Nach diesen einführenden Gedanken wurde der Film «Momo» gezeigt, gedreht nach der Geschichte «Momo» von Michael Ende. In eindrücklicher Weise konnten die Zuschauer und Zuhörer die Parallelen ziehen zwischen den «grauen Männern» im Film und der heutigen globalisierten Wirtschaft, aber auch dem reichhaltigen Leben einer Kleinstadt und dem Gedanken der Lebenszeit, wie Ivo Muri ihn uns zu vermitteln suchte. Denn: «Eine Gesellschaft, die keine Zeit hat, lebt nicht. Wird Zeit, dass wir dies ändern!» (Zitat aus dem Artikel «Gedanken zum Film ‹Momo›»)
Es war ein anregender Abend im Spannungsfeld von Zeitnot und Zeitwohlstand, der dem zahlreich erschienenen Publikum viele Gedanken und Anstösse zur weiteren Diskussion, aber auch Mut und Zuversicht mitgegeben hat, die anstehenden Probleme gemeinsam anzugehen.     •

Ivo Muri: Hörbuch Die drei Arten von Zeit
ISBN 978-3-905788-02-0

Ivo Muri: Kleptokratisches Manifest.
ISBN 978-3-905788-00-6

Ivo Muri: Die Uhr. ISBN 978-3-905788-03-7

Bestellung: info@zeitag.ch, www.zeitag.ch oder
Tel. +41 41 926 99 99 oder Fax +41 41 926 99 90

«Wir Menschen glauben, der ‹Zeit-ist-Geld-Mechanik› derart zu unterliegen, dass sie uns in unserer Existenz bedroht im Sinne von: Wir müssen immer noch mehr leisten, brauchen unbegrenztes Wirtschaftswachstum, brauchen unbegrenzte Beschleunigung, ein Produkt soll zur Welt kommen in einer Firma, bevor es fertig gedacht, bevor es fertig produziert ist, usw.» […]
«Eine Katze ist auch mal sehr in Eile, wenn sie einer Maus nachjagt. Aber nach der Jagd ist dann wieder Ruhe angesagt. Und der Mensch wird durch die Art, wie wir heute wirtschaften, zum permanenten Jagen gezwungen.
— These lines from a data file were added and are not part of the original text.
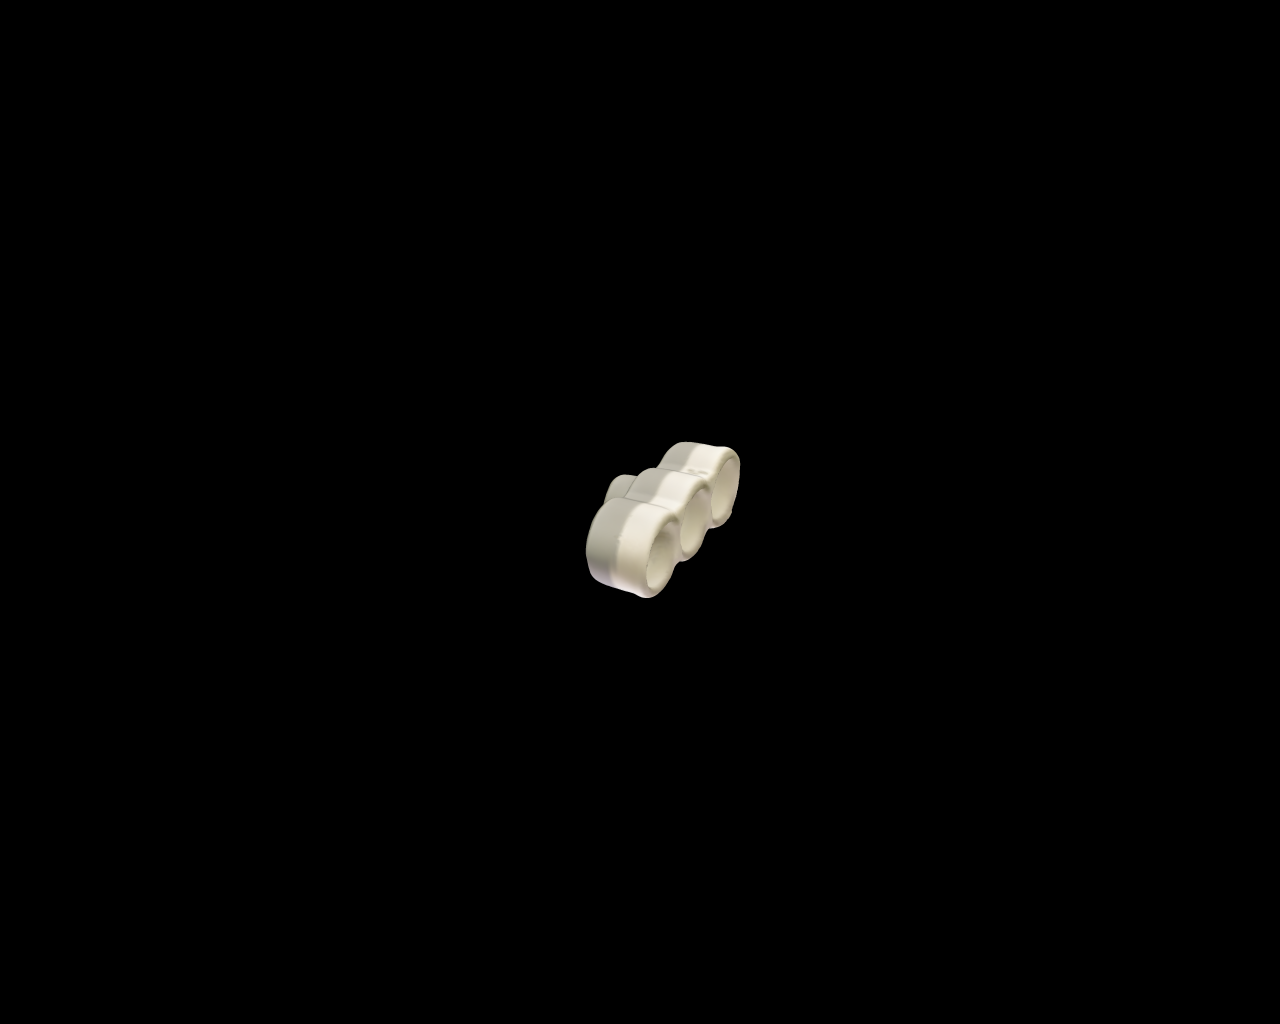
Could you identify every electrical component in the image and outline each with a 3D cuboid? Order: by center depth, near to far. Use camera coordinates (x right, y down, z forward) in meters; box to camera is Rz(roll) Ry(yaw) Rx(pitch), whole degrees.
[{"bbox_3d":[0.001,-0.003,0.650,0.074,0.052,0.138,14,32,24],"label":"electrical component"}]
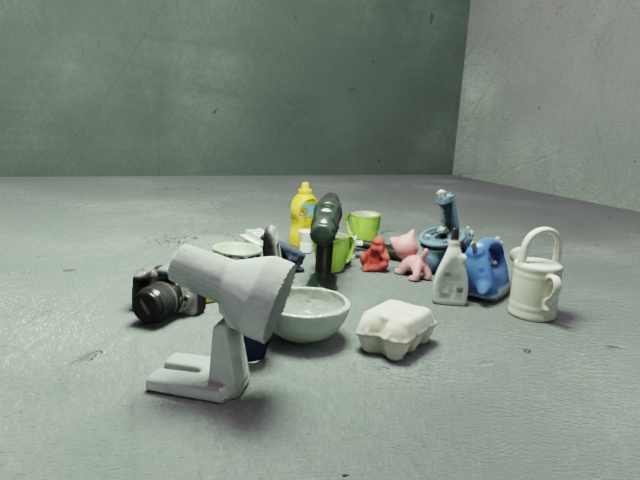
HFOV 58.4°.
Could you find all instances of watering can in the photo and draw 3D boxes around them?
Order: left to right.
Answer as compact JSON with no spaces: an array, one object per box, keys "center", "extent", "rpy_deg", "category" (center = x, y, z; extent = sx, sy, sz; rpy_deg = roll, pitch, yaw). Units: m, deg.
[{"center":[0.457,0.065,1.219],"extent":[0.101,0.194,0.172],"rpy_deg":[-5,16,-32],"category":"watering can"}]

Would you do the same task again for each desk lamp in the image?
[{"center":[-0.139,0.116,0.818],"extent":[0.203,0.213,0.118],"rpy_deg":[6,13,10],"category":"desk lamp"}]

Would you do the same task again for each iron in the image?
[{"center":[0.398,0.054,1.366],"extent":[0.118,0.141,0.259],"rpy_deg":[12,16,33],"category":"iron"}]

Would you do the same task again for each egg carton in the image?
[{"center":[0.136,0.157,1.023],"extent":[0.107,0.069,0.151],"rpy_deg":[12,16,33],"category":"egg carton"}]

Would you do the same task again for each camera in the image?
[{"center":[-0.309,0.098,1.100],"extent":[0.143,0.101,0.137],"rpy_deg":[8,14,18],"category":"camera"}]

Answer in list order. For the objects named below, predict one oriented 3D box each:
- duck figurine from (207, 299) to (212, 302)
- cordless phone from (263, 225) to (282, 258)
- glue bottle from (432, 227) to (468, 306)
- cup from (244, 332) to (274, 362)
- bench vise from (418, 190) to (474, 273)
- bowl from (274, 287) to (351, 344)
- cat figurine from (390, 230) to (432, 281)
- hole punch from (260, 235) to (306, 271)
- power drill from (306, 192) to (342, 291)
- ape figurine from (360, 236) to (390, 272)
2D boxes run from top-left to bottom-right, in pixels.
[{"center":[-0.237,0.081,1.223],"extent":[0.077,0.086,0.105],"rpy_deg":[8,14,21],"category":"duck figurine"},{"center":[-0.088,0.055,1.152],"extent":[0.094,0.185,0.147],"rpy_deg":[3,13,-1],"category":"cordless phone"},{"center":[0.291,0.057,1.259],"extent":[0.078,0.173,0.037],"rpy_deg":[4,13,6],"category":"glue bottle"},{"center":[-0.123,0.147,0.949],"extent":[0.092,0.095,0.117],"rpy_deg":[-8,17,-38],"category":"cup"},{"center":[0.341,-0.032,1.549],"extent":[0.121,0.220,0.208],"rpy_deg":[10,15,27],"category":"bench vise"},{"center":[-0.029,0.142,1.036],"extent":[0.167,0.075,0.167],"rpy_deg":[3,13,0],"category":"bowl"},{"center":[0.232,0.034,1.466],"extent":[0.067,0.118,0.127],"rpy_deg":[-5,15,-30],"category":"cat figurine"},{"center":[-0.096,0.031,1.461],"extent":[0.101,0.091,0.108],"rpy_deg":[-5,16,-32],"category":"hole punch"},{"center":[0.012,0.005,1.339],"extent":[0.075,0.208,0.229],"rpy_deg":[4,13,3],"category":"power drill"},{"center":[0.148,0.035,1.497],"extent":[0.077,0.092,0.076],"rpy_deg":[12,16,34],"category":"ape figurine"}]

Und das ist auf die Dauer für die Lebensenergie, die Psyche, das Chi, das Prana oder den Odem nicht gut. […]
«Und so ist es für uns doch einigermassen verwunderlich, dass wir alle Geldprobleme beklagen, obwohl es auf den Computern dieser Welt noch nie so viel Geld gab wie heute.» […]
«Geld oder die Geldwirtschaft darf nicht der Herr der Wirtschaft sein. Geld muss Diener der Volkswirtschaft sein. Geld muss das Resultat sein einer sinnvollen, zielgebenden Arbeit, eben von Wertschöpfung.»
Quelle: Hörbuch: Interview mit Ivo Muri im Schweizer Radio DRS?1 2010
«Es ist unser gesellschaftlicher Auftrag, unseren Kindern durch beherztes Denken und Handeln eine Gegenwart und Zukunft zu schaffen, welche so lebens- und liebenswert ist, wie wir sie erlebt haben. Wir dürfen nicht die Jugend für den gesellschaftlichen Zustand verantwortlich machen, in dem sie heute lebt. Danke, dass Sie mitdenken und mithandeln.»
Zitat aus dem Artikel «Gedanken zum Film ‹Momo›» 

(Quelle: Zeit-Fragen)

2 Kommentare:

Anonym hat gesagt…

Ivo Muri ist ein Abzocker.
Er klaut die Zeit seiner Untergebenen als Diktator in seiner Firma.

Helmut Schramm hat gesagt…

Ich würde Muri direkt darauf angsprechen, wenn es Fehler in seiner Firma gibt. Seine Analysen und Bücher jedenfalls sind ausgezeichnet.